AIM OF THE EXERCISE >>
Both the line with "35. cardboard box [1888, 334, 1898, 360]" and the line with "52. rack shelf [1665, 202, 1919, 252]" in the records below must appear in the output, along with every line between them, exactly and with nothing added.

Segment Open

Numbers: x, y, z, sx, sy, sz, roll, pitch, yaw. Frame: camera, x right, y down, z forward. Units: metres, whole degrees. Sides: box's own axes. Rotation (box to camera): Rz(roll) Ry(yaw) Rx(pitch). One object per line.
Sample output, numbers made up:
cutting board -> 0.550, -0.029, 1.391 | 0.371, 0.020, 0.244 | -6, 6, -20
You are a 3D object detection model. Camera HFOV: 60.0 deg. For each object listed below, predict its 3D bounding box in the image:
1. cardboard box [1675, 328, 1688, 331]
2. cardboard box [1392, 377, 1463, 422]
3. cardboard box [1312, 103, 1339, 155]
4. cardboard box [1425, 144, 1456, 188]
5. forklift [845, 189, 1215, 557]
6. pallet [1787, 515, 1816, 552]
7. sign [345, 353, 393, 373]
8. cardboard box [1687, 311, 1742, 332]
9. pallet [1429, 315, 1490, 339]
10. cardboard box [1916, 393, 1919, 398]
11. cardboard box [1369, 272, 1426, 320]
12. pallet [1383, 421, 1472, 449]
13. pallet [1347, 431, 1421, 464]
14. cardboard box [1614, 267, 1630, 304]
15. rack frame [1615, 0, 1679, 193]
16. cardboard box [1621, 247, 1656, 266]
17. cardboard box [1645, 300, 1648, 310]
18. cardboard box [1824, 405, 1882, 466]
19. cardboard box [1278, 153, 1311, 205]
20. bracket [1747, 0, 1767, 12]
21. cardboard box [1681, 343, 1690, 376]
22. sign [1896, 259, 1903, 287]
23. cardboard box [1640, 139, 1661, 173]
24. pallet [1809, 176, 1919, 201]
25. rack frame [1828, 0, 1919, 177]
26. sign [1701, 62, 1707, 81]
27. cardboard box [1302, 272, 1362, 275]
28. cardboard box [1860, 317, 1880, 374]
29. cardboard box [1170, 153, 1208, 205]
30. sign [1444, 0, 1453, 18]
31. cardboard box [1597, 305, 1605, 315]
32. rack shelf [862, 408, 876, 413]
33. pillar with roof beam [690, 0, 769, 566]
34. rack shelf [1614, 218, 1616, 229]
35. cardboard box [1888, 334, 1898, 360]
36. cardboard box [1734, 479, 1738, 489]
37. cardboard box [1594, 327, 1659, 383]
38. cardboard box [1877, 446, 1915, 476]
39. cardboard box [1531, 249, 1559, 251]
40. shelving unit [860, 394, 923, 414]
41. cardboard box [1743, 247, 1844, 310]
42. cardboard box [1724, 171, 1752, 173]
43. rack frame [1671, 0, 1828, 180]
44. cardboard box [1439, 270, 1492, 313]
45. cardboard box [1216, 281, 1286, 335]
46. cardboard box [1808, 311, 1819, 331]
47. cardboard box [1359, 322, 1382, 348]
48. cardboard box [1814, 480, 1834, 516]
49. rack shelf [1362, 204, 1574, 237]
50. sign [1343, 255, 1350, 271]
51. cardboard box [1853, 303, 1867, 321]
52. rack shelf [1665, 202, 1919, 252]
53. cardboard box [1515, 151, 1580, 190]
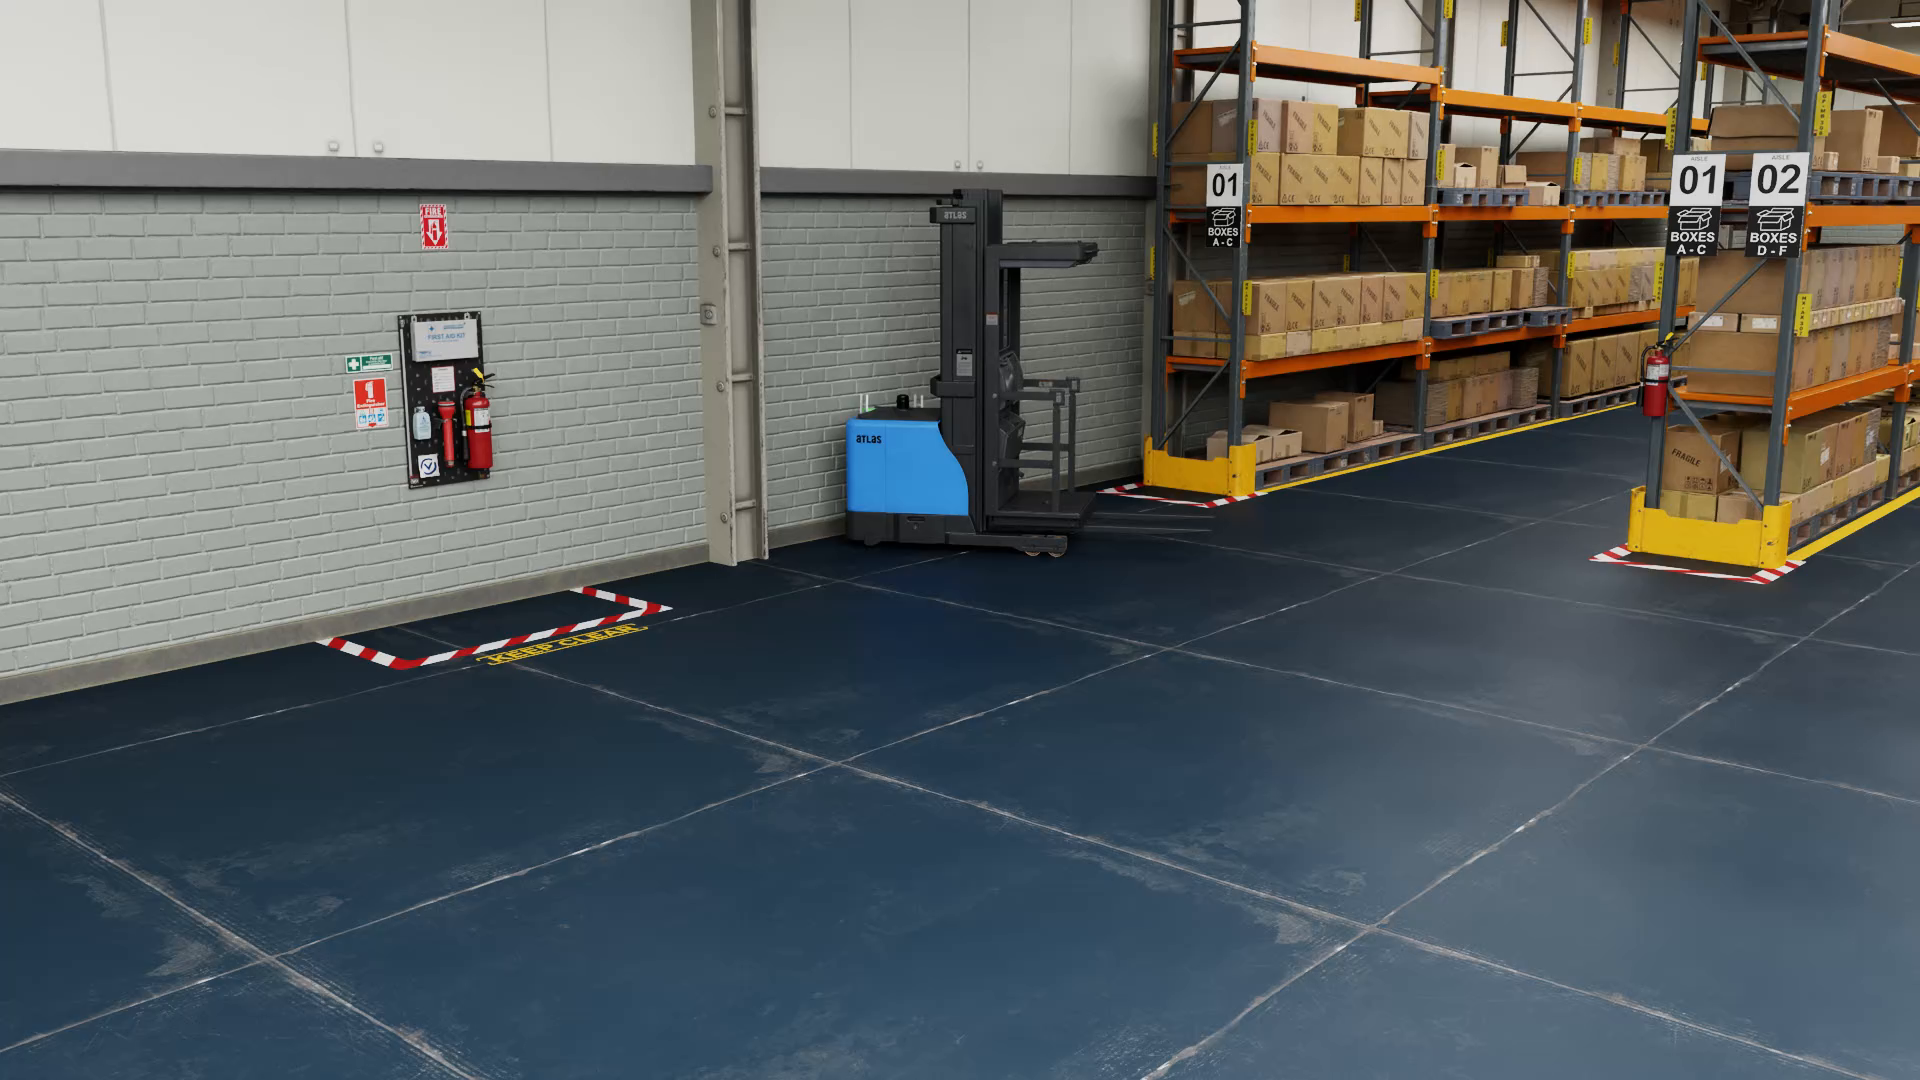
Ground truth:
cardboard box -> 11.629, -3.375, 27.104 | 0.380, 0.149, 0.250 | 10, 15, 41
cardboard box -> 5.775, -1.753, 20.587 | 0.700, 0.500, 0.500 | 9, 15, 39
cardboard box -> 3.494, -4.171, 16.917 | 0.500, 0.500, 0.500 | 10, 15, 42
cardboard box -> 5.419, -4.366, 19.425 | 0.500, 0.500, 0.500 | -9, 15, -39
forklift -> 0.611, -1.414, 13.806 | 3.031, 2.935, 1.130 | 2, 12, 11
pallet -> 6.555, -0.092, 14.132 | 1.003, 0.211, 1.213 | 10, 15, 40
sign -> -3.883, -1.164, 10.934 | 0.001, 0.109, 0.331 | 10, 15, 40
cardboard box -> 6.190, -1.789, 13.600 | 0.380, 0.149, 0.250 | 9, 15, 39
pallet -> 5.612, -2.569, 19.906 | 1.003, 0.211, 1.213 | 10, 15, 40
cardboard box -> 10.863, -1.465, 18.402 | 0.500, 0.311, 0.500 | 9, 15, 39
cardboard box -> 4.919, -2.764, 18.810 | 0.500, 0.500, 0.500 | 10, 15, 40
pallet -> 5.511, -1.317, 20.266 | 1.003, 0.211, 1.213 | 10, 15, 40
pallet -> 4.582, -1.099, 19.174 | 1.003, 0.211, 1.213 | 10, 15, 40
cardboard box -> 9.171, -3.628, 23.650 | 0.500, 0.500, 0.500 | 10, 15, 42
rack frame -> 10.279, -6.689, 24.724 | 1.000, 3.000, 0.127 | 10, 15, 40
cardboard box -> 9.818, -4.143, 24.317 | 0.500, 0.250, 0.500 | 10, 15, 42
cardboard box -> 9.915, -3.475, 24.539 | 0.380, 0.149, 0.250 | 10, 15, 42
cardboard box -> 8.241, -0.987, 15.526 | 0.500, 0.500, 0.500 | 10, 15, 40
cardboard box -> 3.148, -3.602, 16.624 | 0.500, 0.500, 0.500 | -11, 16, -44
bracket -> 14.045, -9.444, 29.331 | 0.235, 0.232, 0.430 | 10, 15, 40
cardboard box -> 11.184, -2.897, 26.368 | 0.700, 0.500, 0.500 | 10, 15, 40
sign -> 10.948, -3.116, 19.400 | 0.100, 0.325, 0.005 | 10, 15, 40
cardboard box -> 10.565, -5.900, 25.574 | 0.500, 0.500, 0.500 | 10, 15, 40
pallet -> 8.178, -3.228, 15.285 | 1.003, 0.211, 1.213 | 10, 15, 40
rack frame -> 8.722, -4.872, 15.627 | 1.000, 3.000, 0.127 | 10, 15, 40
sign -> 12.507, -7.886, 27.927 | 0.100, 0.325, 0.005 | 10, 15, 40
cardboard box -> 4.187, -2.756, 18.768 | 0.500, 0.500, 0.500 | 10, 15, 40
cardboard box -> 8.090, -1.834, 15.481 | 0.700, 0.500, 0.500 | 10, 15, 40
cardboard box -> 2.443, -3.605, 16.638 | 0.500, 0.500, 0.500 | -11, 16, -43
sign -> 5.394, -5.936, 18.367 | 0.100, 0.325, 0.005 | 10, 15, 40
cardboard box -> 8.858, -3.256, 23.446 | 0.380, 0.149, 0.250 | 10, 15, 41
rack shelf -> -0.596, -1.074, 14.406 | 0.480, 0.148, 0.258 | -1, 7, -17
pillar with roof beam -> 1.443, -3.699, 9.754 | 9.100, 9.000, 0.400 | 10, 15, 40
rack shelf -> 11.599, -5.159, 26.562 | 1.077, 0.370, 4.000 | 10, 15, 40
cardboard box -> 9.014, -1.934, 16.620 | 0.500, 0.250, 0.500 | 11, 16, 44
cardboard box -> 6.534, -0.391, 14.459 | 0.500, 0.250, 0.500 | 10, 15, 40
cardboard box -> 9.948, -2.786, 24.918 | 0.750, 0.750, 0.750 | 10, 15, 41
cardboard box -> 9.174, -0.815, 16.580 | 0.500, 0.250, 0.500 | 9, 15, 39
cardboard box -> 8.088, -3.907, 23.132 | 0.500, 0.250, 0.500 | 9, 14, 39
shelving unit -> -0.601, -0.661, 14.455 | 0.503, 1.200, 0.258 | -1, 7, -17
cardboard box -> 7.109, -2.254, 14.269 | 0.700, 0.500, 0.500 | 10, 15, 41
cardboard box -> 6.643, -3.217, 13.953 | 0.500, 0.250, 0.500 | 10, 15, 40
rack frame -> 6.081, -4.283, 12.681 | 1.000, 3.000, 0.127 | 10, 15, 40
cardboard box -> 6.145, -3.087, 20.631 | 0.500, 0.500, 0.700 | -10, 15, -40
cardboard box -> 2.899, -2.317, 16.569 | 0.500, 0.500, 0.500 | 10, 15, 40
cardboard box -> 6.840, -1.814, 13.724 | 0.380, 0.149, 0.250 | 10, 15, 41
cardboard box -> 4.258, -2.249, 18.144 | 0.500, 0.250, 0.500 | 10, 15, 40
cardboard box -> 7.260, -0.397, 14.486 | 0.500, 0.250, 0.500 | 10, 15, 40
rack shelf -> 6.318, -3.982, 20.669 | 1.077, 0.370, 4.000 | 10, 15, 40
sign -> 4.579, -3.209, 19.662 | 0.100, 0.325, 0.005 | 10, 15, 40
cardboard box -> 7.864, -2.043, 14.868 | 0.380, 0.149, 0.250 | 10, 15, 42
rack shelf -> 7.402, -2.754, 14.518 | 1.077, 0.370, 4.000 | 10, 15, 40
cardboard box -> 7.910, -4.971, 22.406 | 0.700, 0.500, 0.500 | 8, 14, 36

Segment Closed

EXERCISE SOLUTION >>
35. cardboard box [1888, 334, 1898, 360]
36. cardboard box [1734, 479, 1738, 489]
37. cardboard box [1594, 327, 1659, 383]
38. cardboard box [1877, 446, 1915, 476]
39. cardboard box [1531, 249, 1559, 251]
40. shelving unit [860, 394, 923, 414]
41. cardboard box [1743, 247, 1844, 310]
42. cardboard box [1724, 171, 1752, 173]
43. rack frame [1671, 0, 1828, 180]
44. cardboard box [1439, 270, 1492, 313]
45. cardboard box [1216, 281, 1286, 335]
46. cardboard box [1808, 311, 1819, 331]
47. cardboard box [1359, 322, 1382, 348]
48. cardboard box [1814, 480, 1834, 516]
49. rack shelf [1362, 204, 1574, 237]
50. sign [1343, 255, 1350, 271]
51. cardboard box [1853, 303, 1867, 321]
52. rack shelf [1665, 202, 1919, 252]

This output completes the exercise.